Another key element in assessing whether the dismissal of the Circuit Court action requires dismissal of the complaint before the Commission is whether the judgment was on the merits of the claim or not. To be on the merits does not require that there have actually been a trial or hearing. What is required is that the parties have had the opportunity for fair adjudication of the facts and issues and that the judgment reaches the issues pending before the body. 50 CJS Judgments sec. 627 In the current instance, the action in Circuit Court was set for trial at the time that the parties reached their agreement. The Complainant voluntarily compromised and settled his action instead of proceeding to trial. The judge took pains to make sure that the terms of the agreement were clear to both sides. The Complainant had the opportunity to object or to clarify or presumably reject the agreement under questioning by the judge. The judgment in the Circuit Court action was not reached as a result of some pre-trial motion such as a Motion for Summary Judgment that would deprive the Complainant of an opportunity to have his position aired in open court. The Complainant knowingly relinquished his opportunity for a trial of the issues. Such a settlement can have preclusive effects. 50 CJS Judgments sec. 630.

The judgment in the Circuit Court action reached the issues presented by the various actions. The agreement of the parties essentially entered a finding that the Complainant had assaulted and battered the Respondent, not that the Respondent had assaulted and battered the Complainant as part of a pattern of harassment. The Complainant agreed to the dismissal of his claim of harassment.. These actions effectively constitute rulings on the basic issues before the Court and the Commission.

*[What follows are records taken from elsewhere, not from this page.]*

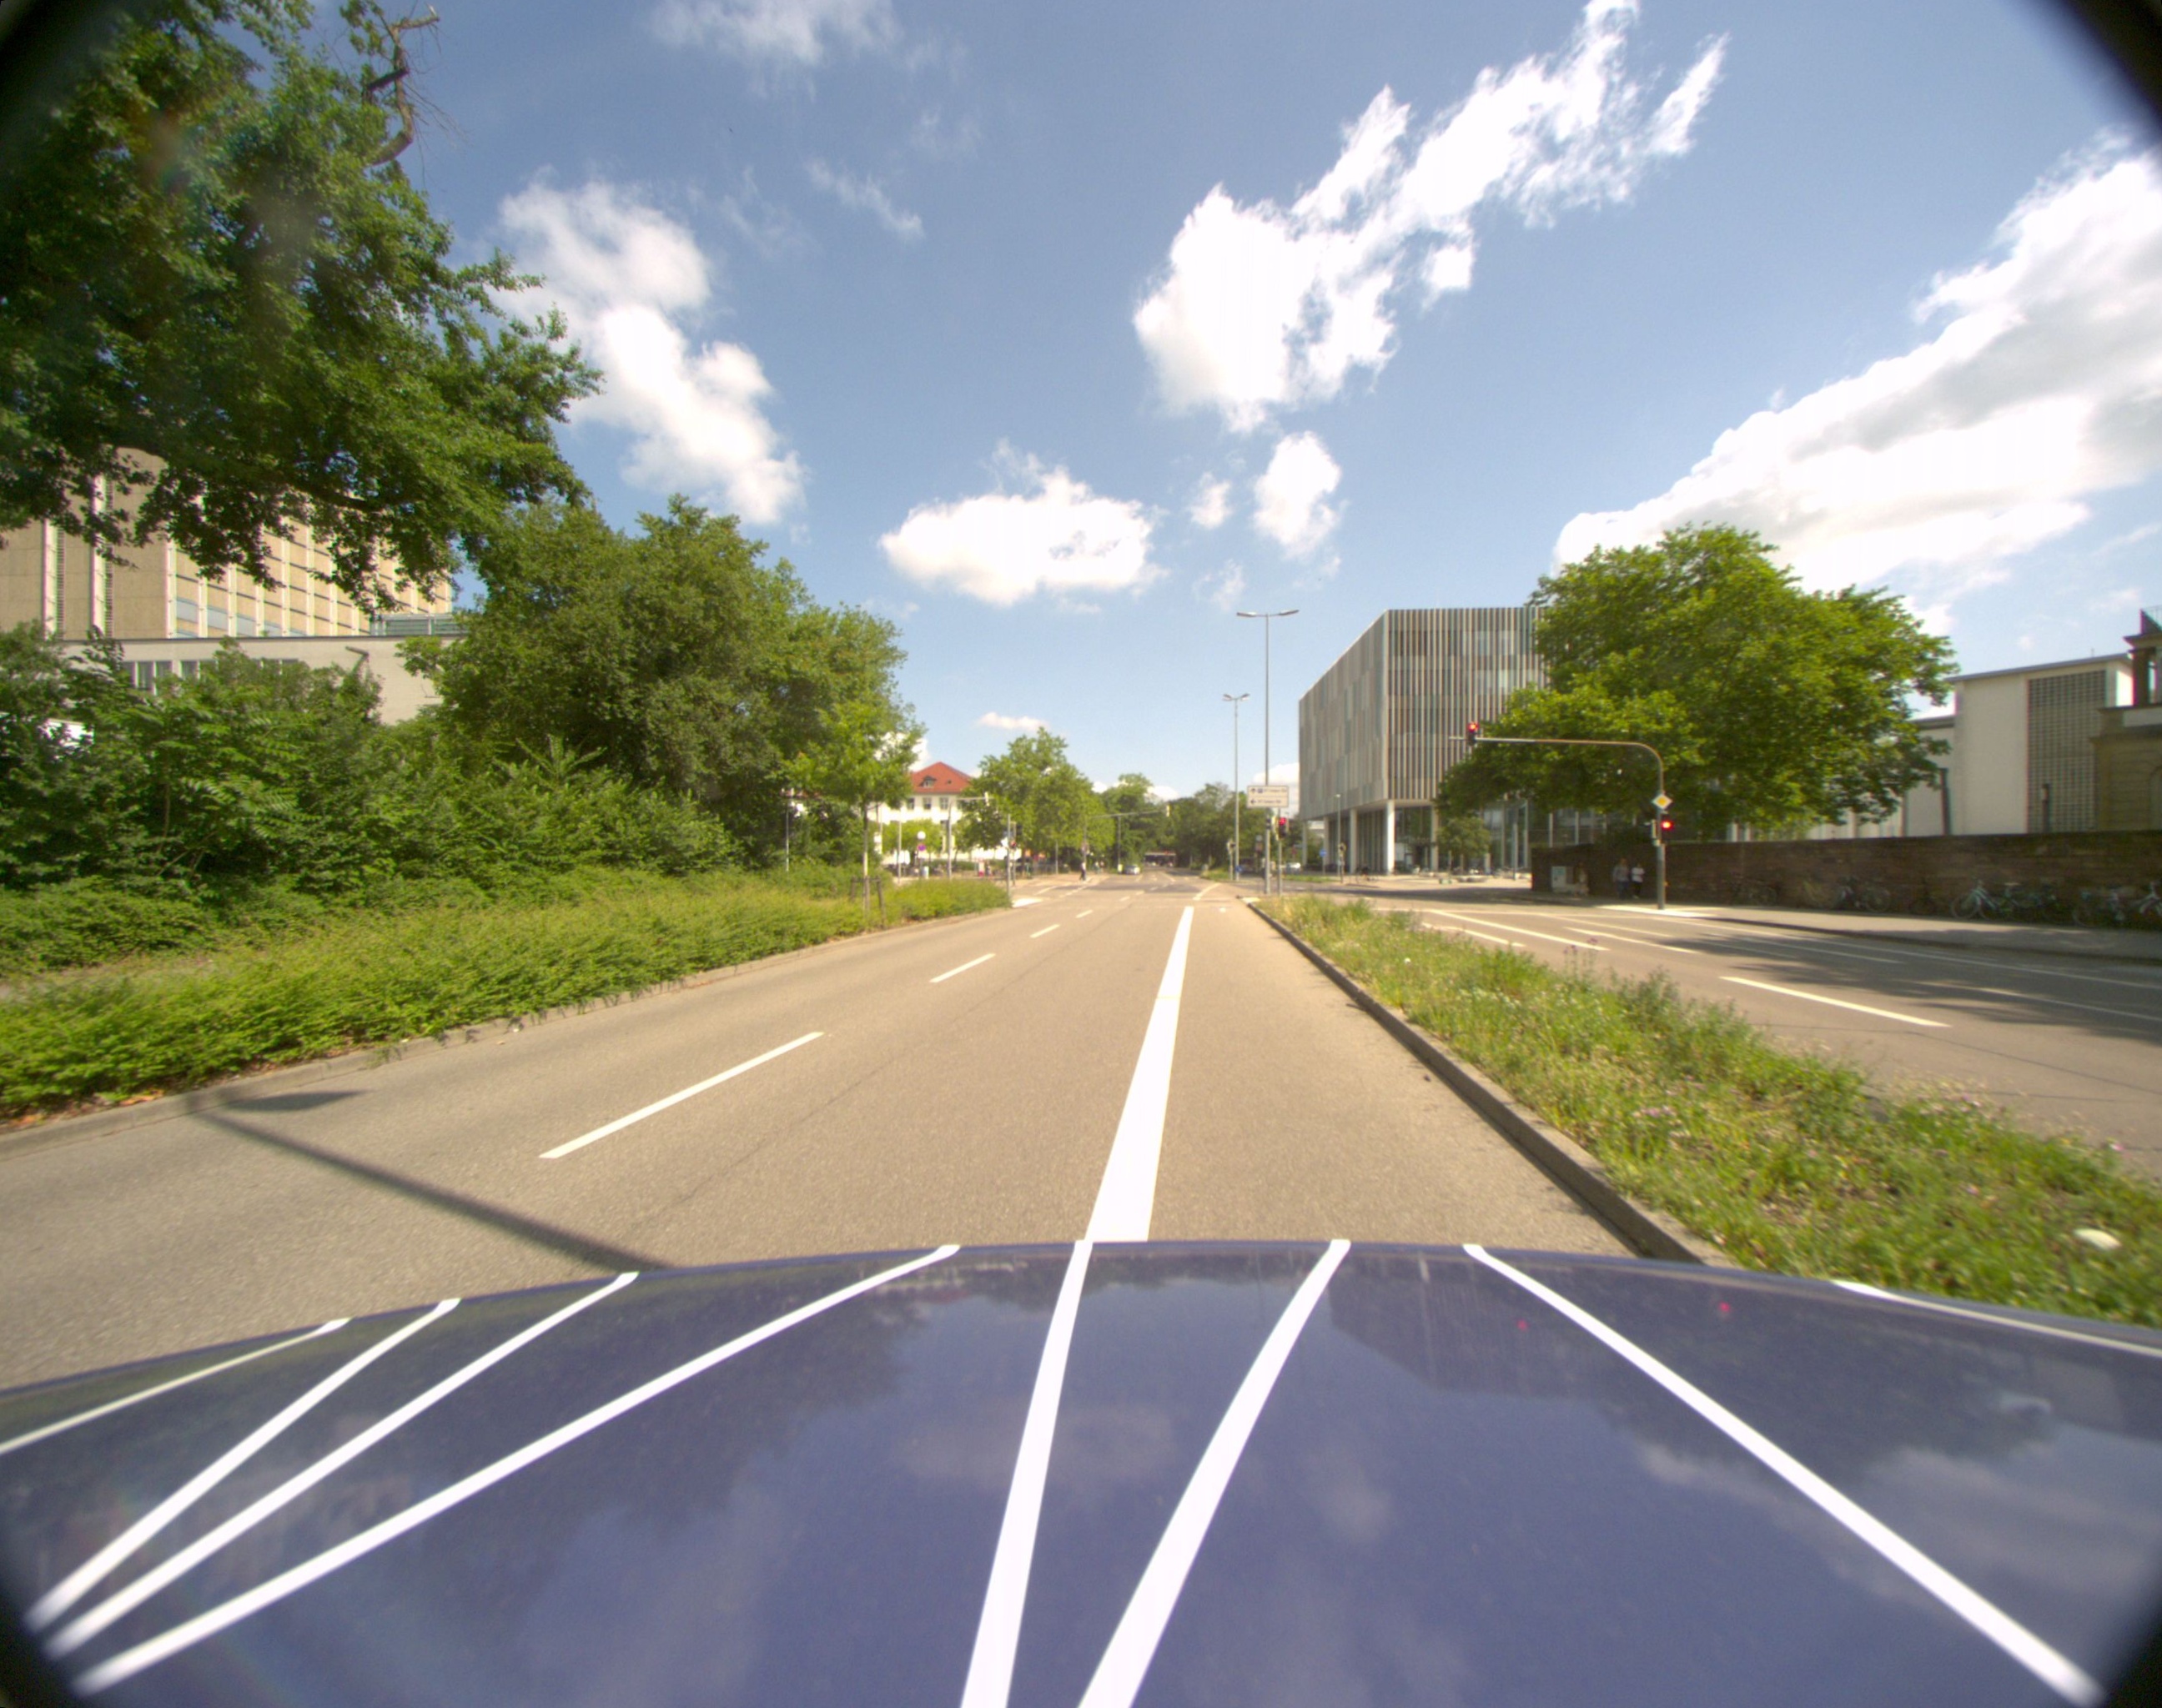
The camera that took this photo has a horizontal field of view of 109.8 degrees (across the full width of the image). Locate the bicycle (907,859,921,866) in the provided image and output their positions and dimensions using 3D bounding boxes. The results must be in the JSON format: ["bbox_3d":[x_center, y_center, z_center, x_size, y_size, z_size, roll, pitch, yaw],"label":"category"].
[{"bbox_3d":[-20.433,1.026,92.957,1.672,0.785,0.627,0,0,1],"label":"bicycle"}]

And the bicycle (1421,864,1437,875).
[{"bbox_3d":[35.168,1.535,76.792,2.223,1.090,0.720,0,0,-45],"label":"bicycle"}]

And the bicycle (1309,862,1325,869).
[{"bbox_3d":[35.969,1.800,115.688,2.216,1.083,0.723,0,0,1],"label":"bicycle"}]

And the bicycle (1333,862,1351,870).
[{"bbox_3d":[35.824,1.649,104.175,2.216,1.090,0.723,0,0,1],"label":"bicycle"}]

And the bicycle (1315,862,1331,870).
[{"bbox_3d":[35.800,1.796,112.343,2.216,1.090,0.723,0,0,1],"label":"bicycle"}]

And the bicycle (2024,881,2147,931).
[{"bbox_3d":[23.563,1.193,17.877,0.371,1.042,1.881,0,0,-1],"label":"bicycle"}]

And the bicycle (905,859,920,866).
[{"bbox_3d":[-20.365,1.001,92.056,1.672,0.785,0.627,0,0,1],"label":"bicycle"}]

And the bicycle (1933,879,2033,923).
[{"bbox_3d":[23.578,1.203,19.912,0.371,1.042,1.881,0,0,-1],"label":"bicycle"}]

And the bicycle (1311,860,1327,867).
[{"bbox_3d":[37.621,1.433,120.209,2.216,1.090,0.723,0,0,1],"label":"bicycle"}]

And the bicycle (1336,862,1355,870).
[{"bbox_3d":[35.261,1.588,101.373,2.216,1.090,0.723,0,0,1],"label":"bicycle"}]

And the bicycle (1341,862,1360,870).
[{"bbox_3d":[35.326,1.570,99.488,2.216,1.090,0.723,0,0,1],"label":"bicycle"}]

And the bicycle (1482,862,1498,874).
[{"bbox_3d":[38.520,1.306,71.548,2.223,1.090,0.720,0,0,-45],"label":"bicycle"}]

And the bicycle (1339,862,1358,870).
[{"bbox_3d":[35.357,1.609,100.368,2.216,1.090,0.755,0,0,1],"label":"bicycle"}]

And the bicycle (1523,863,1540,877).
[{"bbox_3d":[40.412,1.422,68.131,2.323,1.183,0.745,0,0,-45],"label":"bicycle"}]

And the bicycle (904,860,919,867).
[{"bbox_3d":[-20.339,1.120,91.275,1.672,0.785,0.627,0,0,1],"label":"bicycle"}]

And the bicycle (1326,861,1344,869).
[{"bbox_3d":[35.356,1.527,105.781,2.216,1.090,0.723,0,0,1],"label":"bicycle"}]

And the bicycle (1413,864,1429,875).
[{"bbox_3d":[34.612,1.542,77.316,2.223,1.090,0.720,0,0,-45],"label":"bicycle"}]

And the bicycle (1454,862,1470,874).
[{"bbox_3d":[36.827,1.337,73.455,2.223,1.090,0.720,0,0,-45],"label":"bicycle"}]

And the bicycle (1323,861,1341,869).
[{"bbox_3d":[35.227,1.515,106.732,2.216,1.090,0.723,0,0,1],"label":"bicycle"}]

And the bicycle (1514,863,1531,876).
[{"bbox_3d":[40.158,1.433,69.153,2.323,1.183,0.745,0,0,-45],"label":"bicycle"}]

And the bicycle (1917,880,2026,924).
[{"bbox_3d":[22.988,1.212,19.676,0.593,1.042,1.881,0,0,-1],"label":"bicycle"}]

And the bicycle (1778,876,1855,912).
[{"bbox_3d":[23.503,1.261,24.328,0.631,1.042,1.881,0,0,-1],"label":"bicycle"}]

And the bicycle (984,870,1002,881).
[{"bbox_3d":[-6.590,1.612,56.952,0.621,0.828,1.510,0,0,-42],"label":"bicycle"}]

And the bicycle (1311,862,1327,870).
[{"bbox_3d":[35.918,1.796,114.688,2.216,1.090,0.723,0,0,1],"label":"bicycle"}]

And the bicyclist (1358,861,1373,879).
[{"bbox_3d":[22.860,1.299,61.015,0.944,1.456,0.633,0,0,40],"label":"bicyclist"}]

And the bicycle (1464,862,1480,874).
[{"bbox_3d":[37.457,1.325,72.818,2.223,1.090,0.720,0,0,-45],"label":"bicycle"}]

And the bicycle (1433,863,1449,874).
[{"bbox_3d":[35.664,1.440,75.258,2.223,1.090,0.720,0,0,-45],"label":"bicycle"}]

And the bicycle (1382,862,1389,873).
[{"bbox_3d":[31.951,1.413,79.827,0.547,1.090,1.636,0,0,17],"label":"bicycle"}]

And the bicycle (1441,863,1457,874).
[{"bbox_3d":[36.223,1.426,74.711,2.223,1.090,0.720,0,0,-45],"label":"bicycle"}]

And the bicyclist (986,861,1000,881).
[{"bbox_3d":[-6.580,1.285,56.946,0.614,1.498,0.916,0,0,-42],"label":"bicyclist"}]

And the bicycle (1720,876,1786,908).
[{"bbox_3d":[23.498,1.301,26.610,0.631,1.042,1.881,0,0,-1],"label":"bicycle"}]

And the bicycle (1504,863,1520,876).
[{"bbox_3d":[39.590,1.447,69.782,2.323,1.183,0.745,0,0,-45],"label":"bicycle"}]

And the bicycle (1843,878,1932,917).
[{"bbox_3d":[23.453,1.241,22.155,0.565,1.042,1.881,0,0,-1],"label":"bicycle"}]

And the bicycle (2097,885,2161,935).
[{"bbox_3d":[23.290,1.210,16.193,0.594,1.042,1.878,0,0,-16],"label":"bicycle"}]

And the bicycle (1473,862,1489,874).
[{"bbox_3d":[37.965,1.299,72.081,2.223,1.090,0.720,0,0,-45],"label":"bicycle"}]
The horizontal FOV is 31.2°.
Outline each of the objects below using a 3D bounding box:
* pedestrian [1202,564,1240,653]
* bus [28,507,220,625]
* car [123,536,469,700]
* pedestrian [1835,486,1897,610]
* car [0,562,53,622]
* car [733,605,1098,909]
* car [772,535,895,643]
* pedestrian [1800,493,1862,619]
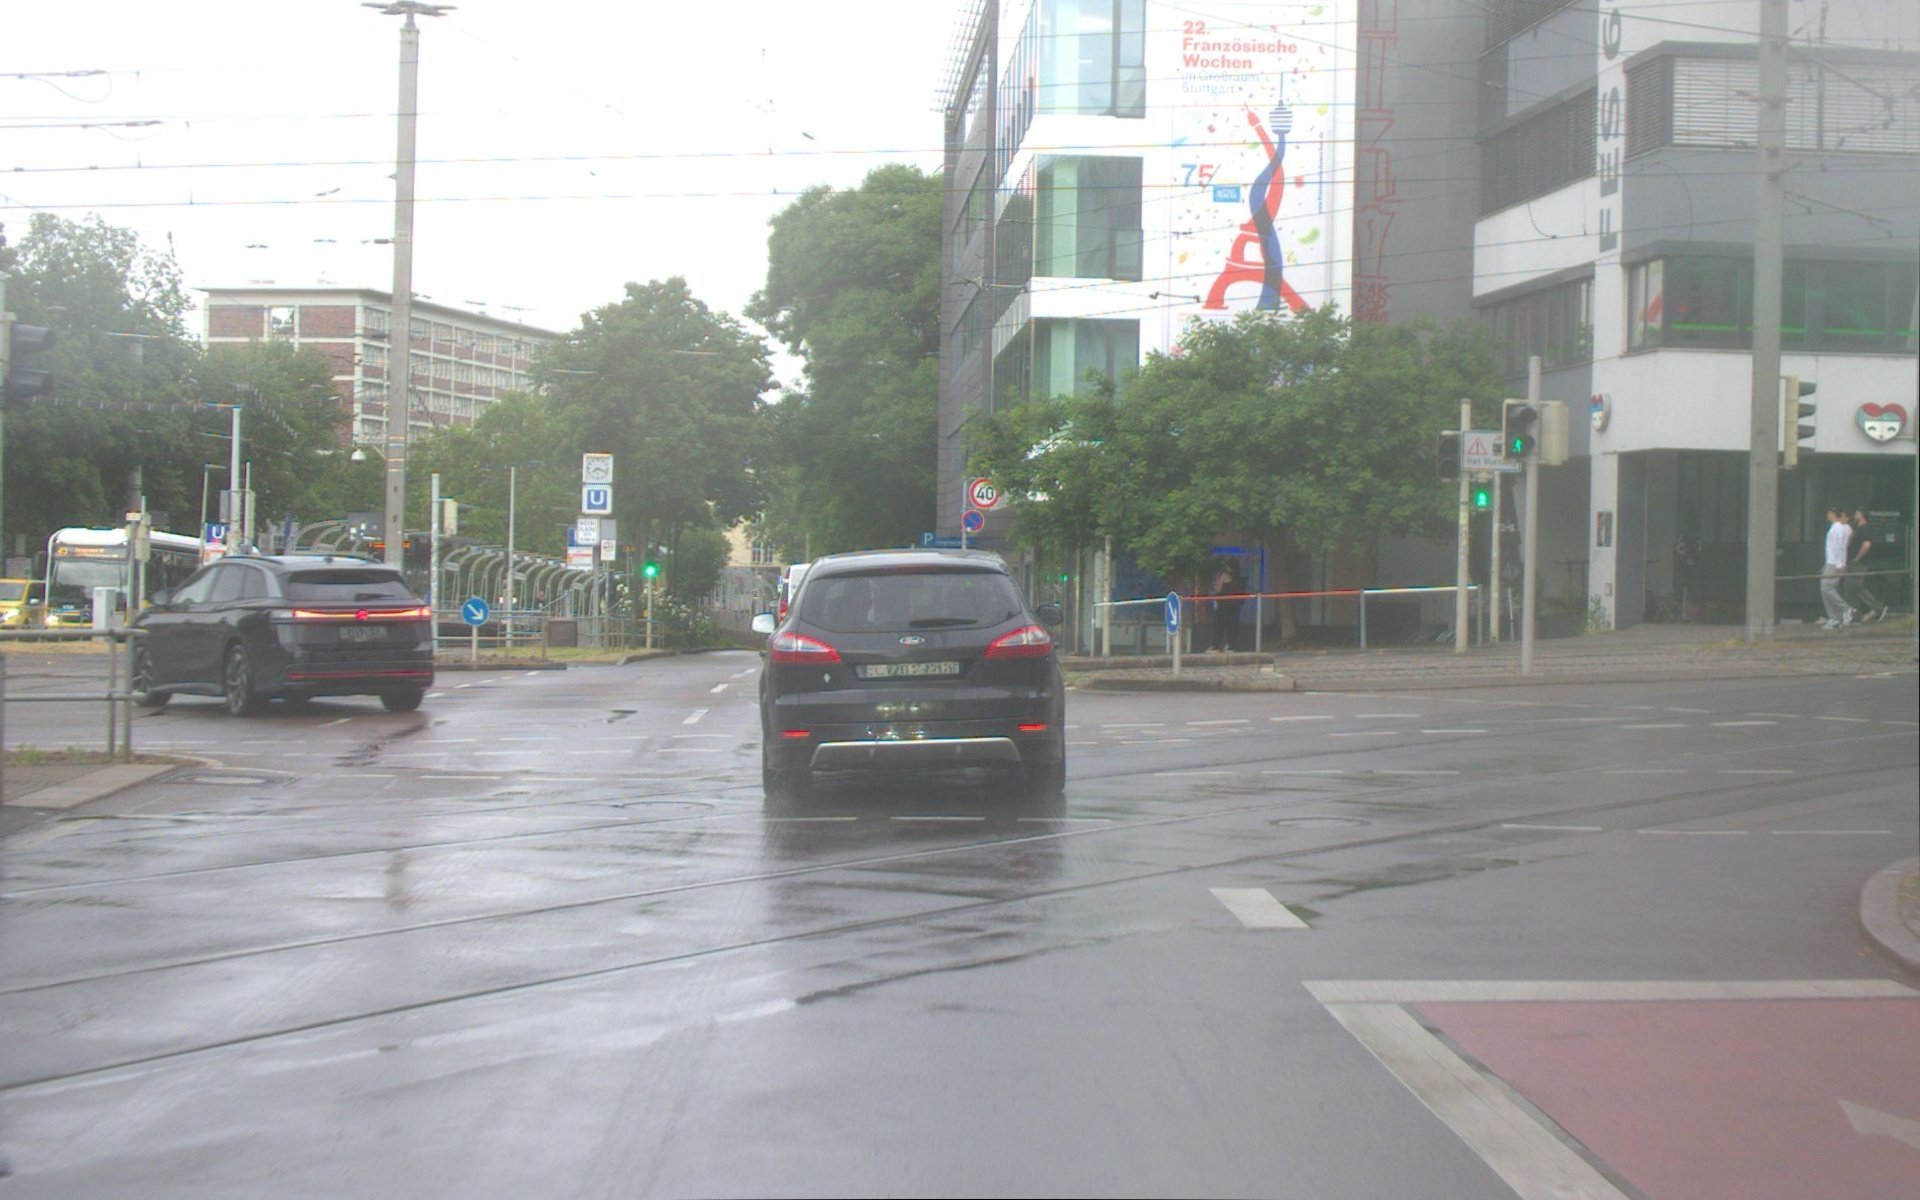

The Complainant has presented no evidence, argument or statement that by dismissing the complaint before the Commission that he is somehow being deprived of some right or opportunity that he did not voluntarily give up before the Court. The Complainant has not indicated that at the time of the dismissal of the Circuit Court action that he believed he could continue to pursue his complaint before the Commission. Under these circumstances, it would be unjust not to dismiss the complaint.

There are several aspects of this case that are troubling to the Hearing Examiner. The record does not disclose why the Complainant's attorney, Tammy Baldwin, withdrew from his representation a mere 10 days before the hearing. Neither does it disclose what steps were taken to assist the Complainant to find substitute counsel. It seems that the Complainant's lack of representation may have had a significant impact on the outcome of this matter.

Another troubling aspect of this matter is the Complainant's almost total failure to act on his own behalf. The Complainant failed to notify the Hearing Examiner of the resolution of the Circuit Court action, despite the Hearing Examiner's specific order. The Complainant gave no reason or explanation for his wish to maintain the complaint before the Commission and when he was given the opportunity to support his request he failed to make any submittal.

The final aspect of this matter that causes concern on the part of the Hearing Examiner is the lack of precision in the statement of the agreement by the Respondent's attorney at the time of trial of the Circuit Court matter. Had there been a clear statement that the dismissal was to cover all pending matters these additional proceedings would not have been necessary.

On the record before the Hearing Examiner the above concerns by themselves do not require or compel a different outcome. However, if the record had been made clearer by either party with respect to any one of these concerns, the outcome could be significantly different.

For the foregoing reasons, the Hearing Examiner grants the Respondent's motion to dismiss the complaint in this matter for a lack of jurisdiction with the Commission.

Signed and dated this 24th day of May, 1993.